WHAT IS REQUIRED — Search the entries below for the string "aisle" and give the number of lines that hold it, nothing else.

(Stored items from a collection)
+-------+

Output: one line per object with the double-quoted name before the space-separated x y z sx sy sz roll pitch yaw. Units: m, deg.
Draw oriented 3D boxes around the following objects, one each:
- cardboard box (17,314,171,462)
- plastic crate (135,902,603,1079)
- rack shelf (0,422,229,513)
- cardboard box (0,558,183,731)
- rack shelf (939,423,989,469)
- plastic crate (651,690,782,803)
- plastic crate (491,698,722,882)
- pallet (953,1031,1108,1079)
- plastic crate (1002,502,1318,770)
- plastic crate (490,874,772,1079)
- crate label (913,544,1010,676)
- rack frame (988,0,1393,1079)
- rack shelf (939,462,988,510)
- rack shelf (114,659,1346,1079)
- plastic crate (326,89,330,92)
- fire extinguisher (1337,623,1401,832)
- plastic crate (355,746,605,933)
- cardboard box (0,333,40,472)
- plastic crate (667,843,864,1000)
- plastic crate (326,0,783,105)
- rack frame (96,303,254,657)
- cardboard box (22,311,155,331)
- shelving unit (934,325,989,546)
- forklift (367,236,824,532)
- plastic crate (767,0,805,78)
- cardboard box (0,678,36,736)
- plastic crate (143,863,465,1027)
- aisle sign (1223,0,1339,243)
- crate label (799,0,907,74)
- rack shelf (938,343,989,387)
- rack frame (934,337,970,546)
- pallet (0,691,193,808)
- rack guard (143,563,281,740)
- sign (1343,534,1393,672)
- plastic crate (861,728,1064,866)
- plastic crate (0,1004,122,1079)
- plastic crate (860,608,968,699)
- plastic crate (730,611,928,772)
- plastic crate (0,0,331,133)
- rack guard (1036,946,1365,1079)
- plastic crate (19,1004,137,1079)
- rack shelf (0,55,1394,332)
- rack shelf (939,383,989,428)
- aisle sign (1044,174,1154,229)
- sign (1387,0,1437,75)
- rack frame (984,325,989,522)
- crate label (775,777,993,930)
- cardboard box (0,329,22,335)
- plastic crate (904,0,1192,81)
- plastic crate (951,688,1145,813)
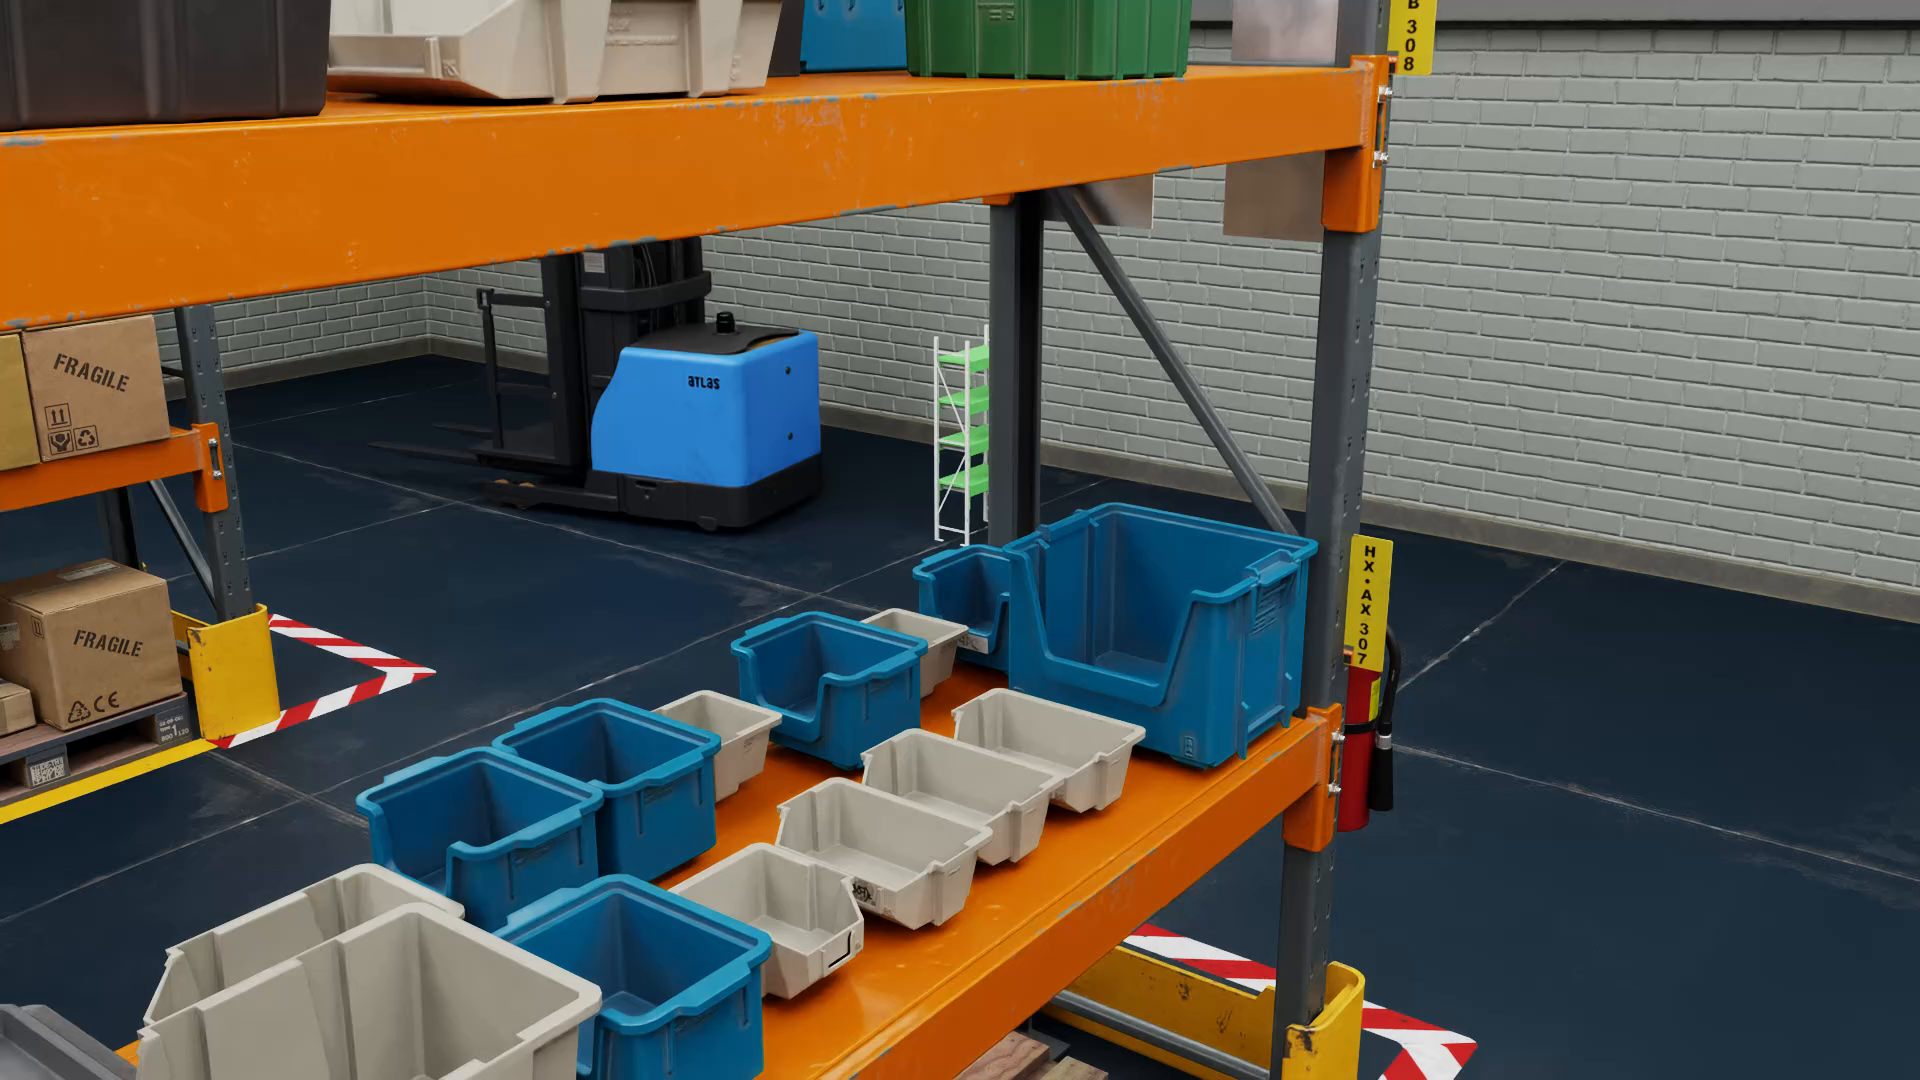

+-------+

EXERCISE ANSWER — 2